Secondly, there 66 different CPCS courses
on offer. Each course relates to a specific type of plant machinery. Some of the most popular include the A17 Telescopic Handler, A58 360 Excavator below 10 tonnes, A59 360 Excavator above 10 tonnes and the A40 Slinger Signaller. In addition, many categories have multiple endorsements which can relate to the size of the machine, load and whether it is tracked or wheeled. It can really help speed up the process, if you know exactly which course and endorsement you are looking for.
Also, combining some categories can be advantageous. For example delegates who complete the A59 CPCS courses
, are also qualified to drive the A58 category. Delegates who do both the A40 and A61 categories are also awarded the A62 category if they have the correct CSCS TST.
Another key point in the CPCS scheme, is that there are two levels of course on offer - red and blue cards.
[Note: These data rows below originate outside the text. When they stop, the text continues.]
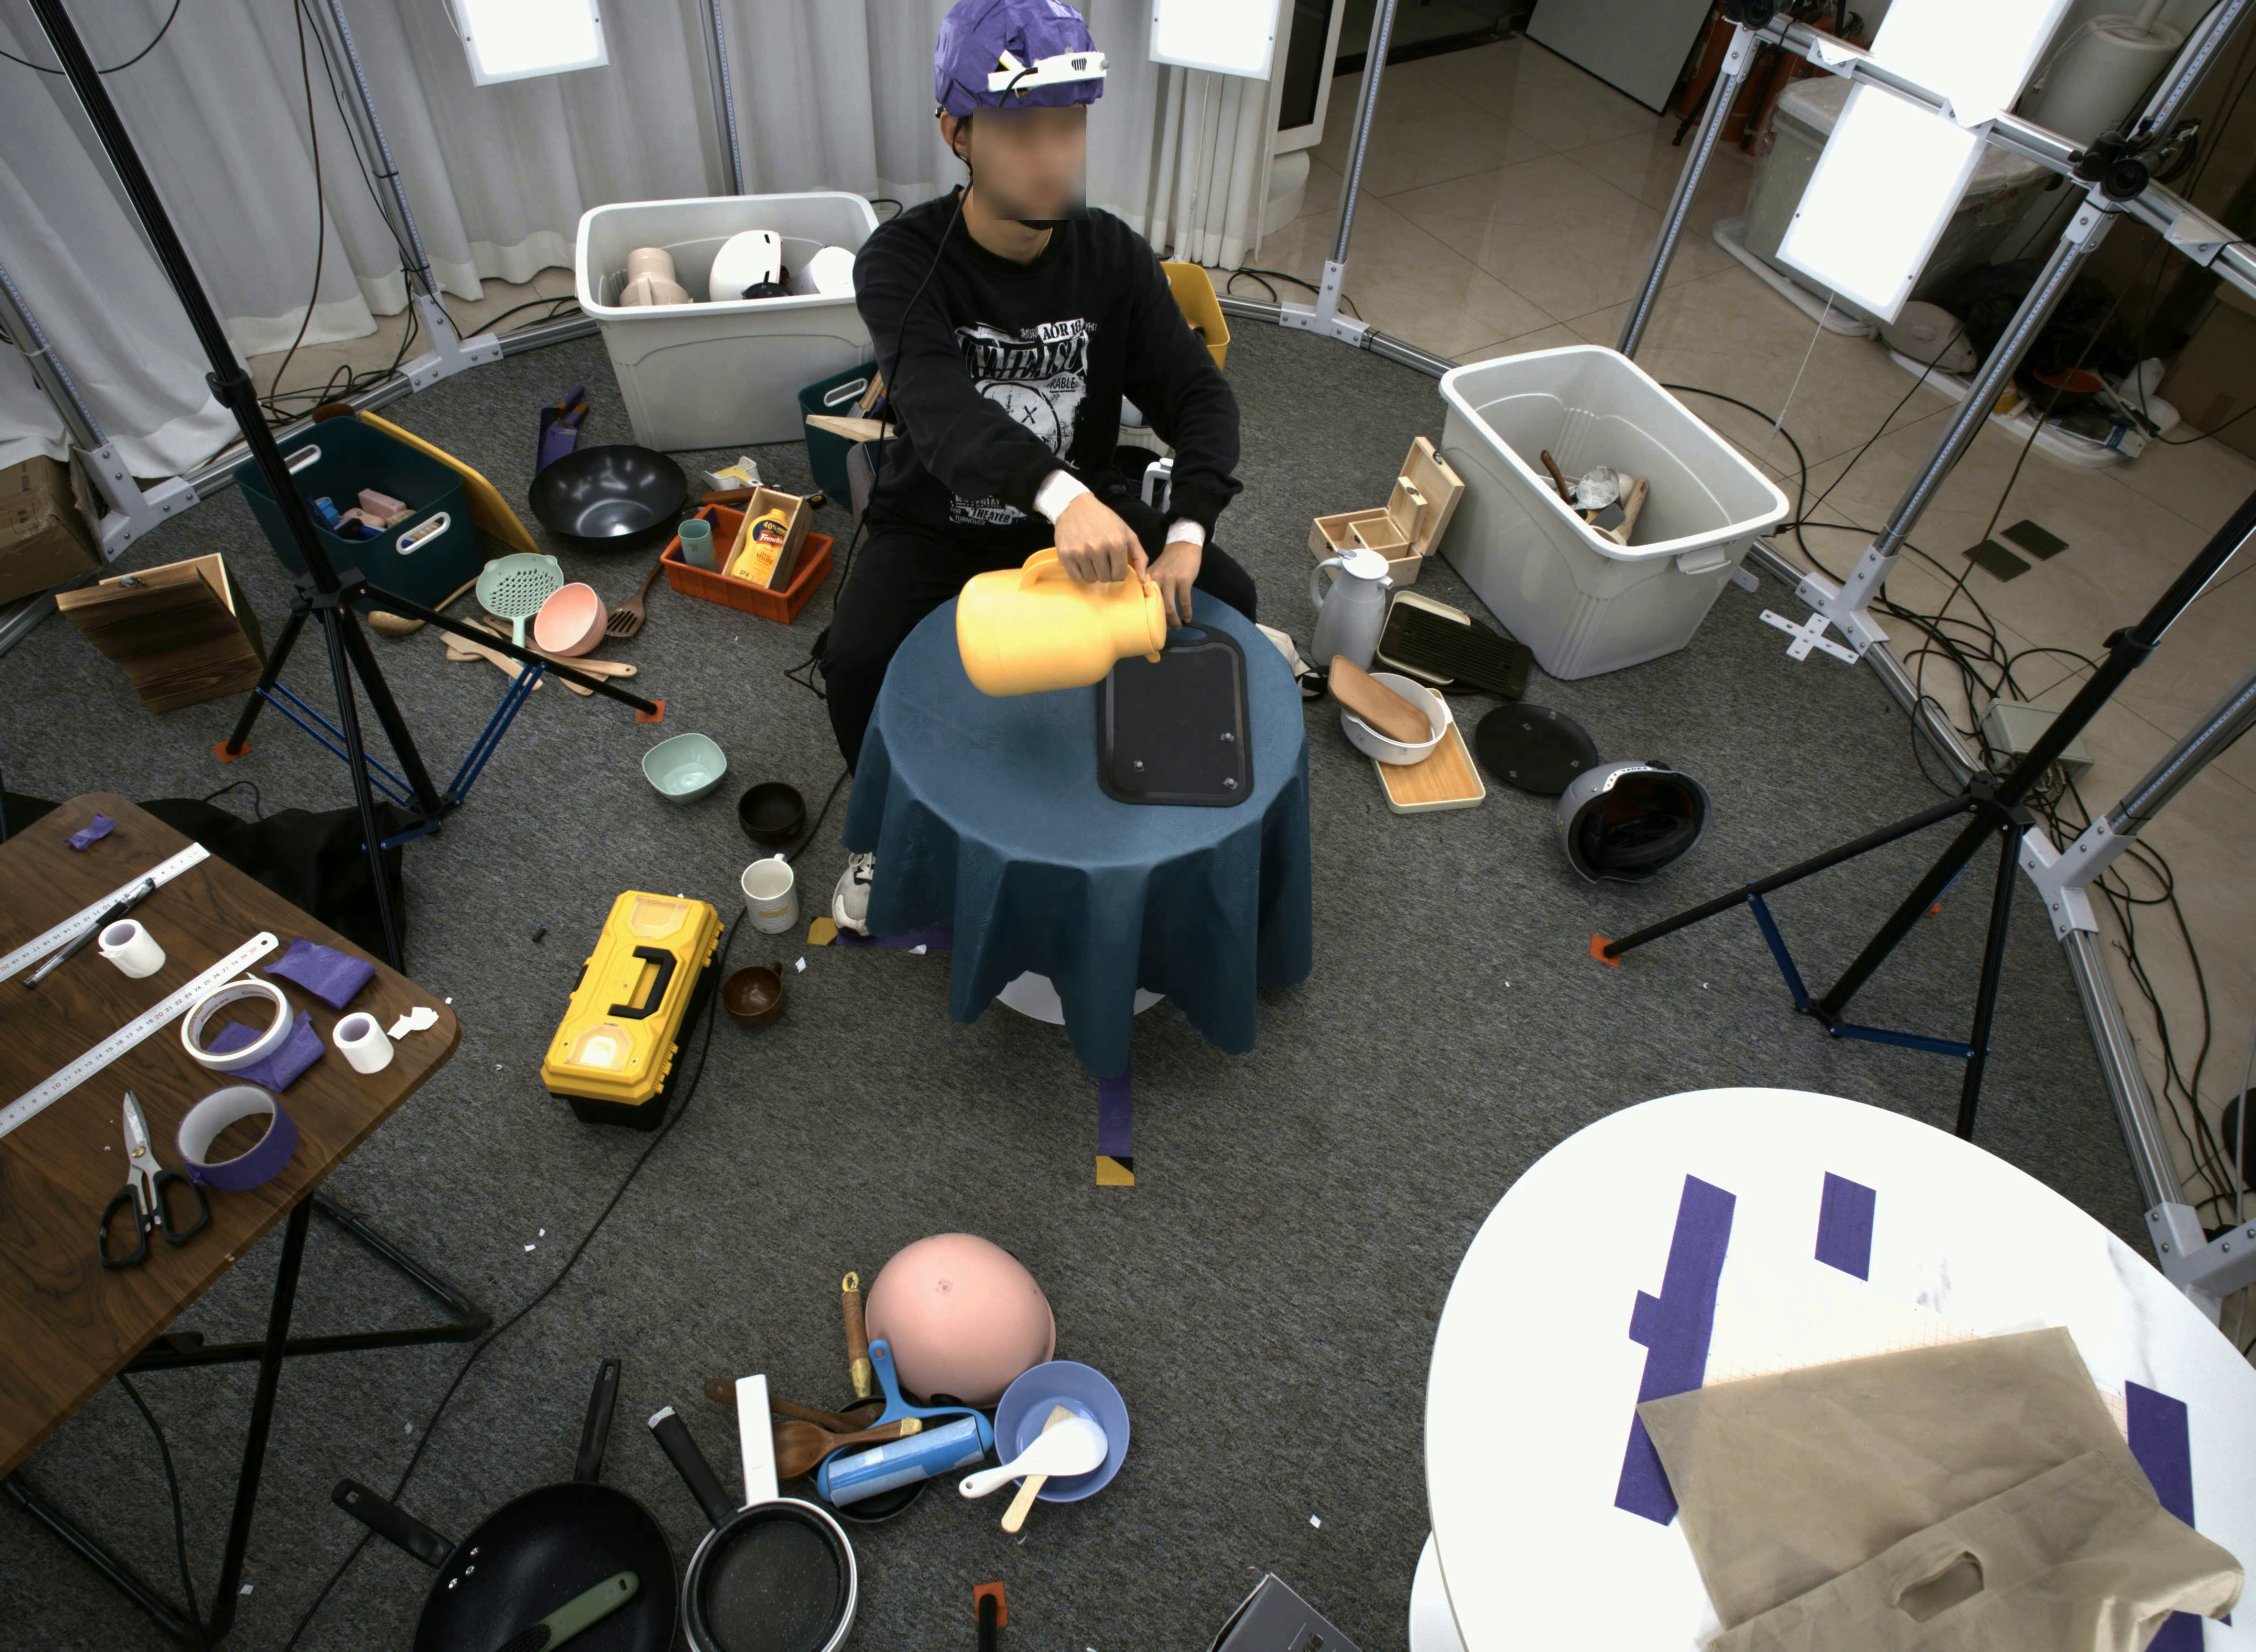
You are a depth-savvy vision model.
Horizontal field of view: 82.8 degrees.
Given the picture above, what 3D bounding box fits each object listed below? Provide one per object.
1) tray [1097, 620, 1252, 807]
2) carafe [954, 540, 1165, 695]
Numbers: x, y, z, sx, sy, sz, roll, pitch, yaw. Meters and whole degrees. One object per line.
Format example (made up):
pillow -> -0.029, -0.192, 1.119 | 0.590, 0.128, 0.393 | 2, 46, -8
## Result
tray -> 0.065, -0.165, 1.788 | 0.211, 0.009, 0.333 | 2, 56, -2
carafe -> -0.086, -0.272, 1.638 | 0.260, 0.197, 0.167 | -5, 47, 9

The ultimate goal of the course is to get all plant operators qualified to an NVQ level, which is the blue card. The red card is an initial qualification which lasts for two years, giving the delegate time to complete their NVQ in that category, whilst allowing them to work on site. Candidates with little or no experience must go through the red card scheme, before progressing onto the blue. Candidates with over two years experience can choose whether to go straight for the blue card or take the red card (usually a shorted experienced worker course). Whichever route a more experienced delegate chooses, they will need to successfully complete the CPCS theory and practical test. Pitfalls to avoid in this area include: that red cards are only valid for two years and the assessment for the blue cards must be taken in this time. In addition, the CPCS will not reissue a red card in a category, where one has already been held. On achievement of the blue card, candidates can avoid having to take the tests again, by keeping up to date with their CSCS TST and log book hours.
The CPCS courses
are assessed via a theory and practical test. Delegates need to pass the verbal theory test before they are allowed to proceed to the practical test. The theory and practical tests are both conducted in English, and while it is possible to employ a translator for non- English speakers, this does increase the cost of the course.